▶ [DATA FOR THIS TASK]:
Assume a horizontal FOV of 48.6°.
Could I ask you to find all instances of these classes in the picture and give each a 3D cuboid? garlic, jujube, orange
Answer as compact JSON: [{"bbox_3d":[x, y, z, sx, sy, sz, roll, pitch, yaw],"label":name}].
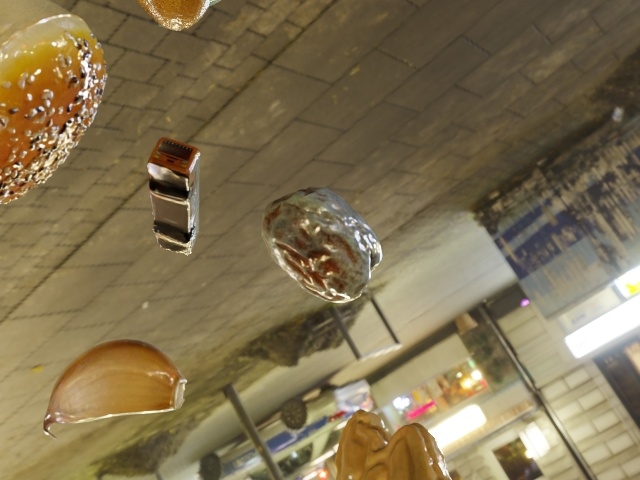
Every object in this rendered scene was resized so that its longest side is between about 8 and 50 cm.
[{"bbox_3d":[-0.313,0.220,1.046,0.206,0.128,0.115,-11,157,-29],"label":"garlic"},{"bbox_3d":[-0.004,0.006,1.720,0.215,0.308,0.246,-54,-173,-19],"label":"jujube"},{"bbox_3d":[-0.136,-0.236,0.646,0.085,0.085,0.085,-28,164,-9],"label":"orange"}]

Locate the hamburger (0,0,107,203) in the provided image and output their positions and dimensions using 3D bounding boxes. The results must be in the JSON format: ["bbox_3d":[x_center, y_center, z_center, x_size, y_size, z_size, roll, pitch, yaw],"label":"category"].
[{"bbox_3d":[-0.390,-0.162,0.857,0.300,0.176,0.300,-47,180,0],"label":"hamburger"}]

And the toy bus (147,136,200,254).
[{"bbox_3d":[-0.305,-0.079,1.493,0.093,0.092,0.409,18,155,-3],"label":"toy bus"}]

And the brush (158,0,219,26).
[{"bbox_3d":[-0.269,-0.477,1.444,0.193,0.032,0.043,-7,-165,39],"label":"brush"}]

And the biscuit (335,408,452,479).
[{"bbox_3d":[0.067,0.348,0.760,0.051,0.376,0.269,19,126,-25],"label":"biscuit"}]
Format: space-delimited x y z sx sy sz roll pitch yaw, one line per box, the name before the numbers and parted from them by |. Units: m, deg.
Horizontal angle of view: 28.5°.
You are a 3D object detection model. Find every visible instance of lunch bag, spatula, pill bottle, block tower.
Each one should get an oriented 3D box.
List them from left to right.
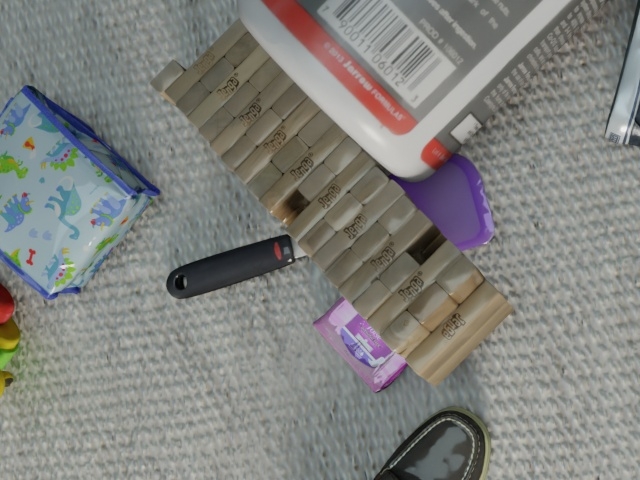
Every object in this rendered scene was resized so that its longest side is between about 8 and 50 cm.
lunch bag | -0.242 -0.043 1.112 0.151 0.096 0.129 40 97 5
spatula | 0.000 0.000 1.075 0.297 0.030 0.084 -16 80 14
block tower | 0.006 -0.040 1.016 0.097 0.091 0.335 -45 66 2
pill bottle | 0.128 -0.237 0.966 0.363 0.210 0.210 -45 76 7

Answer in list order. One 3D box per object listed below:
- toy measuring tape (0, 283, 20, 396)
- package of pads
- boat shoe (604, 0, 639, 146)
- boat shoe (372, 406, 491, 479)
toy measuring tape | -0.362 0.047 1.154 0.121 0.121 0.330 -52 52 6
package of pads | 0.039 0.082 1.056 0.050 0.032 0.083 -45 76 9
boat shoe | 0.287 -0.158 0.996 0.083 0.065 0.183 15 92 8
boat shoe | 0.059 0.234 1.016 0.080 0.073 0.223 37 96 15
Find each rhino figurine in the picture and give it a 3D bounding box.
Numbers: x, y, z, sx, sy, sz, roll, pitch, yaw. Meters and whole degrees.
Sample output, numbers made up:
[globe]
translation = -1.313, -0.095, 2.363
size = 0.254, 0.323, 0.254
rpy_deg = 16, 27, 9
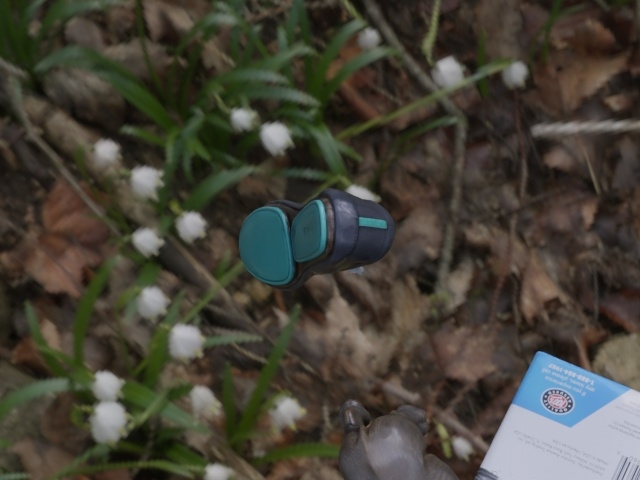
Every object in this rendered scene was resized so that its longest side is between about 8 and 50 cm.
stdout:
[rhino figurine]
translation = 0.094, 0.225, 1.048
size = 0.073, 0.106, 0.243
rpy_deg = -34, 94, 9

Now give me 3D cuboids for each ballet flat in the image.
[ballet flat]
translation = 0.000, 0.000, 1.035
size = 0.074, 0.203, 0.074
rpy_deg = 2, 84, -20

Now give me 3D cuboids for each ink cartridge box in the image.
[ink cartridge box]
translation = 0.057, 0.075, 0.339
size = 0.048, 0.028, 0.083
rpy_deg = 22, 68, 21
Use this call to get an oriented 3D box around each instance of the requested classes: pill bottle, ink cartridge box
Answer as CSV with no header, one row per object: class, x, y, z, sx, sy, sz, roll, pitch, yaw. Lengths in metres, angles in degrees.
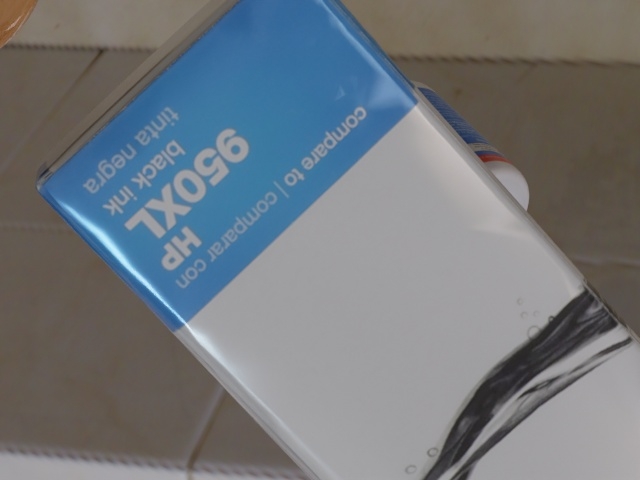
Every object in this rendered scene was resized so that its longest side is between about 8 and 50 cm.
pill bottle,0.094,-0.080,1.561,0.124,0.221,0.124,-22,137,-21
ink cartridge box,0.038,0.053,0.863,0.166,0.285,0.395,-44,100,-4

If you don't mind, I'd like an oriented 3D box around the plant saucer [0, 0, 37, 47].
plant saucer,-0.313,-0.230,1.236,0.200,0.037,0.200,1,85,-9
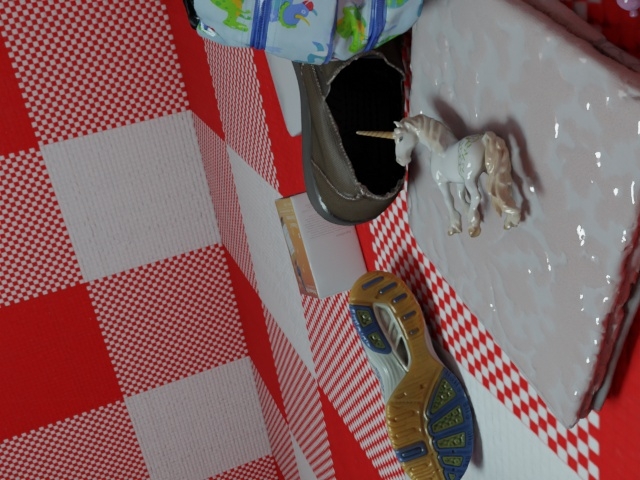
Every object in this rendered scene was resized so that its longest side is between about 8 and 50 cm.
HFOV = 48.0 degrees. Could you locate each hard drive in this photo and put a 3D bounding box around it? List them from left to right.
[{"bbox_3d":[-0.021,-0.277,1.058,0.307,0.040,0.203,177,77,-75],"label":"hard drive"}]

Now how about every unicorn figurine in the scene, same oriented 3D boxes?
[{"bbox_3d":[0.113,-0.060,0.611,0.162,0.060,0.111,-7,101,58],"label":"unicorn figurine"}]

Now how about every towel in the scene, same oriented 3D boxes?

▶ [ASSIGNED TASK]: Look for the string "name" in the records, and copy every line where it is found.

▶ [EXERCISE OUTPUT]:
Answer as compact JSON: [{"bbox_3d":[x, y, z, sx, sy, sz, roll, pitch, yaw],"label":name}].
Format: space-delimited x y z sx sy sz roll pitch yaw, one line per box, the name before the numbers and parted from them by |. Units: m, deg.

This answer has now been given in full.